● **Your assignment**
Reproduce every record exactly as it appears, but not the pictures.

● **Data for processing**
################
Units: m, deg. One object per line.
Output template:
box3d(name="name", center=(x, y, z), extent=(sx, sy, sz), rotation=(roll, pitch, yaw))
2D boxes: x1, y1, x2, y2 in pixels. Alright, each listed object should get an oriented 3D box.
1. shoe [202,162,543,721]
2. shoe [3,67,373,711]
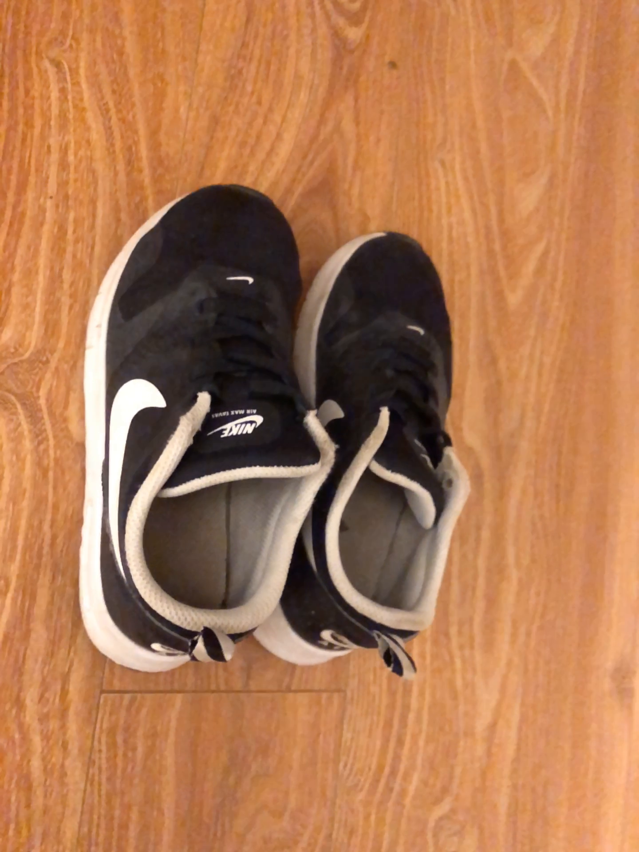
box3d(name="shoe", center=(0.029, 0.008, 0.346), extent=(0.090, 0.080, 0.230), rotation=(21, 75, -27))
box3d(name="shoe", center=(-0.054, -0.011, 0.302), extent=(0.090, 0.080, 0.230), rotation=(16, 77, -28))
################
● **Written reply**
Units: m, deg. One object per line.
Output template:
box3d(name="name", center=(x, y, z), extent=(sx, sy, sz), rotation=(roll, pitch, yaw))
2D boxes: x1, y1, x2, y2 in pixels. Alright, each listed object should get an oriented 3D box.
1. shoe [202,162,543,721]
2. shoe [3,67,373,711]
box3d(name="shoe", center=(0.029, 0.008, 0.346), extent=(0.090, 0.080, 0.230), rotation=(21, 75, -27))
box3d(name="shoe", center=(-0.054, -0.011, 0.302), extent=(0.090, 0.080, 0.230), rotation=(16, 77, -28))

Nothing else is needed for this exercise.